I've just spent a couple of hours playing with the controller. Initial thoughts...
- It's a bit plasticky
- It's a bit heavy
- The button/pad placement on the right is annoying after coming from a 360 controller, but I'll get used to it
- The haptic feedback is a bit weird. I don't get why you'd want it on the analog stick - it just feels like it's creaking
I had a play at a few games. I started out with Prince of Persia: The Sands of Time. This is a good choice for me, as I know the game inside out and have completed it umpteen times on PC and Gamecube. Any difficulties I have must be down to the controller as I know I'm fine with the game. The default controller map was no good, so I had to dig up a list of the controls and map them myself, which was a bit fiddly. I set the analog stick to act as a d-pad, essentially. The game only uses WASD for movement, and even when using a 360 pad on the PC it's not true analog, it's still just those 4 directions, so it's a bit clunky. I got that set up working OK. I went one step further and had a play with some faux analog stuff in terms of walking when you just push the stick a bit and running when you push it all the way, which you can do in the advanced settings. That took a bit of adjustment but it worked OK. You basically set up a ring between the deadzone in the centre and the outer ring at the full push of the stick and then you can set it so that when you're either in that ring or pushing beyond it, it adds an addiional input. So in PoP to walk you push in a direction and hold shift, so with this you set it up so that in the inner ring it thinks the shift key is being pressed along with the direction button, but in the outer ring it just gets the direction so you can run. With things set up I played for about an hour without getting too cross with it, so I figured that was a good start. It was very useful that it treats the right pad as a mouse and recognises the shoulder buttons as mouse inputs, because with a regular 360 pad when you try to use the menus you can't, and you have to use your actual mouse to move the cursor around.
I played quarter of an hour of Batman: Arkham Asylum. Again I know the game inside out and have completed it multiple times, so I can just get on with testing the controller. There were some community maps for this, so I picked up one of those. It's quite handy as it shows how many people are using which maps, so you can look for the popular ones and hopefully that is some guide in terms of quality.
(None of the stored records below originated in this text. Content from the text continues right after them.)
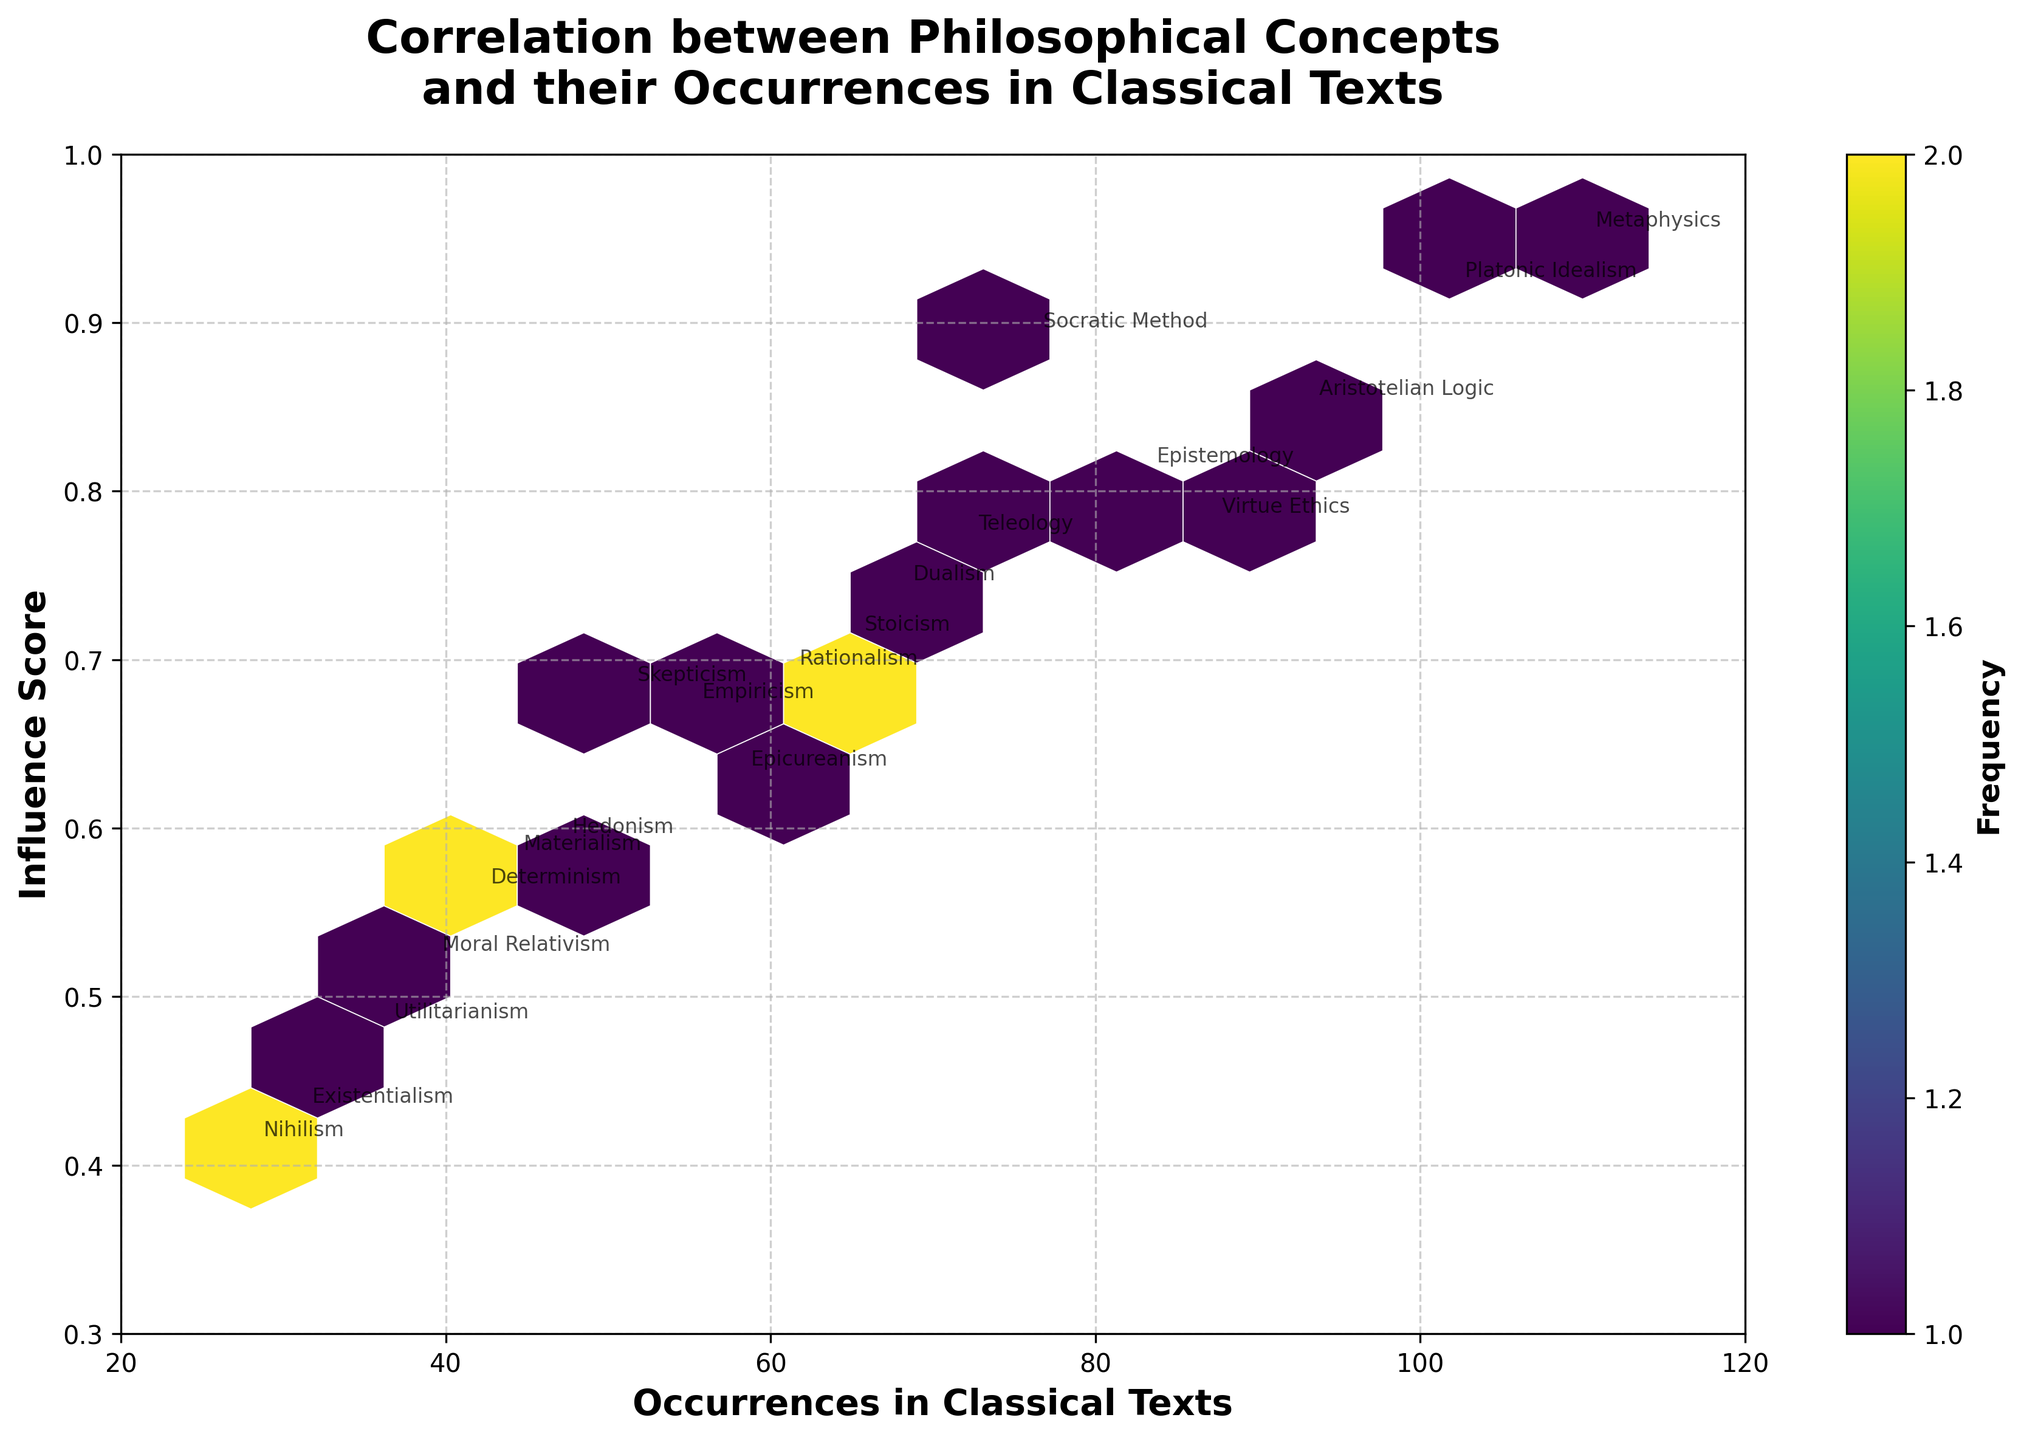What's the title of the plot? The title is displayed at the top of the plot in bold text.
Answer: Correlation between Philosophical Concepts and their Occurrences in Classical Texts What are the labels for the x-axis and y-axis? The labels are displayed along the axes in bold text. The x-axis shows the frequency of occurrences in classical texts, and the y-axis represents the influence score of the concepts.
Answer: Occurrences in Classical Texts, Influence Score How many data points are plotted in the hexbin plot? Each hexagon represents a cluster of data points. Given there are 20 philosophical concepts listed in the data, there are 20 data points represented in the plot.
Answer: 20 Which philosophical concept has the highest influence score and how often does it occur in classical texts? By looking at the annotations and the maximum y-axis value, we find the concept with the highest influence score. Metaphysics has the highest influence score, and its occurrence is indicated by the x-coordinate associated with its annotation.
Answer: Metaphysics, 110 occurrences What is the influence score range of the philosophical concepts depicted in the plot? By observing the y-axis, we can see that the influence scores range from the lowest to the highest value plotted. The y-axis ranges from 0.3 to 1.0.
Answer: 0.3 to 1.0 Which two concepts have the closest occurrence numbers in classical texts but show a noticeable difference in influence score? By comparing the annotations for occurrence numbers and then checking their influence scores, we can identify two concepts that fit the description. Aristotelian Logic (93) and Virtue Ethics (87) have close occurrence numbers but their influence scores differ noticeably.
Answer: Aristotelian Logic, Virtue Ethics What color represents higher frequencies of clustered data points in the hexbin plot? The color bar indicates how the frequency is represented by color intensity, with darker colors typically representing higher frequencies.
Answer: Darker colors Are there any concepts with both low text occurrences and low influence scores? Name one. By looking at the lower-left section of the plot both in terms of occurrences and influence scores, we can find such concepts.
Answer: Nihilism What is the general trend between occurrences in classical texts and influence scores? Observing the scatter of data points and their clustering, we can see if there's an upward, downward, or no trend. The points appear to show an upward trend, indicating that higher occurrences tend to have higher influence scores.
Answer: Upward trend Which concept lies closest to the center of the plot, and what does it represent in terms of occurrences and influence score? By identifying the midpoint range of both the x-axis and y-axis, we can find the concept closest to the center. Epistemology, with approximately 83 occurrences and an influence score of around 0.81, lies near the center.
Answer: Epistemology, 83 occurrences, 0.81 influence score 
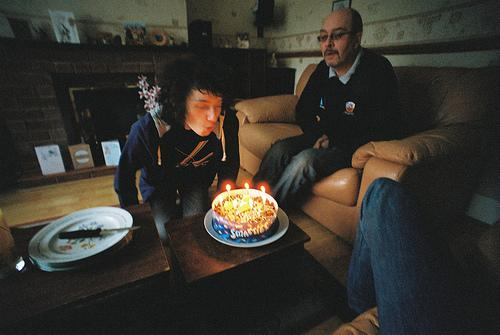Point out the main elements and actions taking place in the image. Key elements include a woman blowing out cake candles, a man wearing glasses on a couch, a knife resting on a plate, and an unlit red brick fireplace. Identify the theme of the image and elaborate on the elements. The image features a birthday celebration, including a woman blowing out candles on a cake, a man with glasses seated on a couch, a knife on a stack of plates, and a fireplace without fire. Write about the image using descriptive language. In a warm birthday gathering, a woman gently breathes upon lit candles adorning a cake, as a spectacled man lounges on a nearby couch, a fireplace lies unlit, and a knife accompanies a stack of plates. What is the central event occurring within the image? The central event is a woman blowing out candles on a birthday cake during a celebration. Relate the scene as if you were a witness describing the events. At the birthday party, I saw a woman blowing out candles on her cake, while a man wearing glasses observed from his seat on the couch, and a knife was placed on a stack of plates near an unlit fireplace. Explain the image in a single sentence. A birthday party scene with a woman blowing out candles on a cake, and a man wearing glasses seated on a couch near an unlit fireplace. Mention the actions of the people and the objects in the image. A woman is blowing out candles on a cake, a man in glasses sits on a couch, a knife rests on a plate, and a fireplace sits cold without flames. List the primary elements in the image. Birthday cake, woman blowing out candles, man with glasses on couch, knife on plate, unlit fireplace, stack of plates. Compose a brief summary of the scene depicted in the image. A birthday celebration showing a woman blowing out candles on a cake, a man sitting on a couch, a knife on a plate, and a fireplace without fire. Describe the scene incorporating the table, fireplace, and people. A cozy birthday scene with a woman blowing out candles on a cake set atop a brown wooden table, a man wearing glasses seated on a nearby couch, and a cold red brick fireplace.

I found a popular one that worked OK. They'd done something with the right pad to make it work miles better than the default settings did. With that map I was able to play fairly well, though I couldn't quite rack up the high combos I'm used to. I'm hoping it's just down to the position of the buttons - my thumb kept naturally falling too far up and right, because it wanted to go where the buttons would be on the 360 pad.
I tried Burnout Paradise, but that keeps crashing on me for some reason. I'm not sure whether it's the controller or what.
I tried Rollercoaster Tycoon 3. Again, I picked up a community map. It needs some tweaking as to zoom in and out I was having to click the shoulder buttons over and over (the shoulder buttons act as mouse scrollwheel directions), but I know there's a setting in there to allow you to just hold them and have it treat it as constant input. It was a bit fiddly, and it'll take some getting used to, but I think it could work. It would certainly be interesting to try playing it with just a pad rather than a mouse.
So fairly good results so far. I'll try Shadow of Mordor tomorrow, and maybe have a stab at FEAR which I'm playing through. That will be a real test as I'll need WASD input on the analog stick and decent mouse input on the right pad, so I might copy whatever was in the Batman config I found for the right pad and see how I go from there.